The official dedication of the $175 million memorial - almost all the money raised from private donations - will take place on May 29, the start of the Memorial Day weekend. President Bush is expected. So are former Republican Sen. Bob Dole of Kansas, a World War II hero who led the fund raising, and actor Tom Hanks, star of the World War II drama "Saving Private Ryan," who lent his public support.
The biggest group at the dedication will be one whose members are vanishing from the scene - veterans of World War II. More than 16 million served, and they're dying at a rate of more than 1,000 a day. By the time of the dedication, fewer than 4 million will be alive.
"My only disappointment is that so many of those who would have appreciated being able to see and visit the memorial are no longer with us," said Rep. Marcy Kaptur, D-Ohio.
Kaptur introduced bills to create the memorial four times between 1987 and 1993 before one became law.
"The longer time dragged on," Kaptur said, "the harder it became."
A veteran from her district, retired mail carrier Roger Durbin, first suggested the idea for a memorial. He became the soul of the project, but he died in 2000 at the age of 79.
"The biggest mistake the World War II Memorial office made was giving him their 800 number," Durbin's granddaughter, Melissa Growden, said with a chuckle. Growden is a member of the memorial advisory commission. "He called them every day. He was the voice behind this memorial. But his greatest fear became true. He did not live long enough to see it finished."
Durbin first raised the issue in 1987 at a political fish fry on the shores of Lake Erie. He stunned a roomful of Kaptur's hungry constituents by shouting: "Congresswoman Kaptur!

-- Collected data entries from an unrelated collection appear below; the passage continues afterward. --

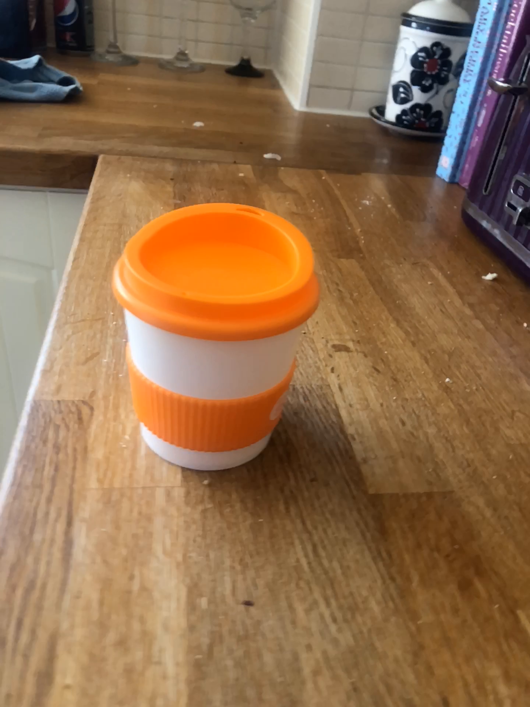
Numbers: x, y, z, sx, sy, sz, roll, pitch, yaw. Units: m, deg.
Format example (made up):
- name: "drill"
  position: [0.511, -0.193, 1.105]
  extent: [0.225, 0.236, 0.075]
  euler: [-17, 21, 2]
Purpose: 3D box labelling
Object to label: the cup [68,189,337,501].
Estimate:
- name: "cup"
  position: [-0.024, -0.009, 0.262]
  extent: [0.081, 0.089, 0.089]
  euler: [15, 34, 10]
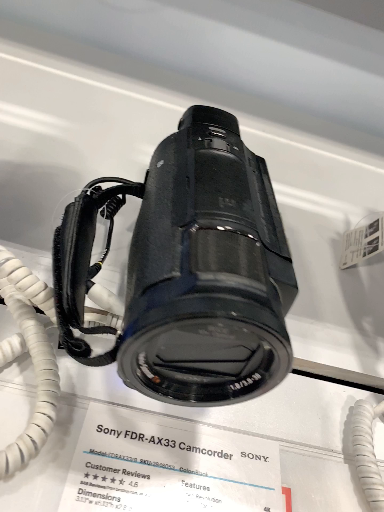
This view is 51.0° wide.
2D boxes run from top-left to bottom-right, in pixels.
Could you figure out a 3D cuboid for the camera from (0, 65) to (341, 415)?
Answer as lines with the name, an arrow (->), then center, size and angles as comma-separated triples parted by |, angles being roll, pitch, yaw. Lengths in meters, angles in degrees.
camera -> -0.011, -0.014, 0.185 | 0.102, 0.067, 0.136 | 12, 44, -10

Why is there no World War II memorial in Washington?"
Kaptur, who stopped dead in her tracks holding a plate of fish, turned and replied, with some confidence, "What about Iwo Jima?"
Durbin, an Army veteran of the German siege of Bastogne, Belgium, in 1944 to 1945, said the Iwo Jima memorial was for the Marines.
So they talked and Kaptur set to work. Once her bill passed and President Clinton signed it in 1993, years of lengthy fights began.
Critics said they weren't opposed to the memorial itself, but to interrupting the vista between the Lincoln Memorial and Washington Monument. They also said the Mall was getting too crowded.
Some found the original design too grandiose. Then there were miles of regulatory red tape from agencies and commissions that govern construction in the federal city. The issue even went to court.
Eventually, after several revisions, construction began three years ago.
"It's just amazing to be actually standing here when it originally was just an artist's rendering on a piece of paper," Betsy Glick, a project spokeswoman, said during a recent tour.
The granite and bronze memorial lies at the eastern end of the Lincoln Memorial's Reflecting Pool.
The core of the site is a small Rainbow Pool and fountain, restored after years of disuse, which sits 6 feet below street level. The effect is that the memorial appears to be slightly submerged. From a distance, only the tops of the taller structures are visible. Supporters say that tempers concerns that the project interrupts the vista along Mall.
Fifty-six stone pillars representing the 48 states in the union at the time of the war, seven U.S. territories, including Alaska and Hawaii, and the District of Columbia encircle the newly renovated pool and fountains. But the feeling of enclosure is lessened by the openness between the pillars, through which the trees beyond the perimeter and sky are visible.
Two 43-foot arches stand amid the pillars on the north and south ends to symbolize the Atlantic and Pacific theaters of operations, each with large bronze eagles to represent victory.
At the western end is the Freedom Wall with its 4,000 gold sculpted stars. The 407,316 U.S. deaths they symbolize are roughly seven times the Vietnam War's total and hundreds of times more than Iraq's thus far.
The memorial's architect, Friedrich St. Florian, has said that his design isn't meant to glorify war. Rather, it's to memorialize victory.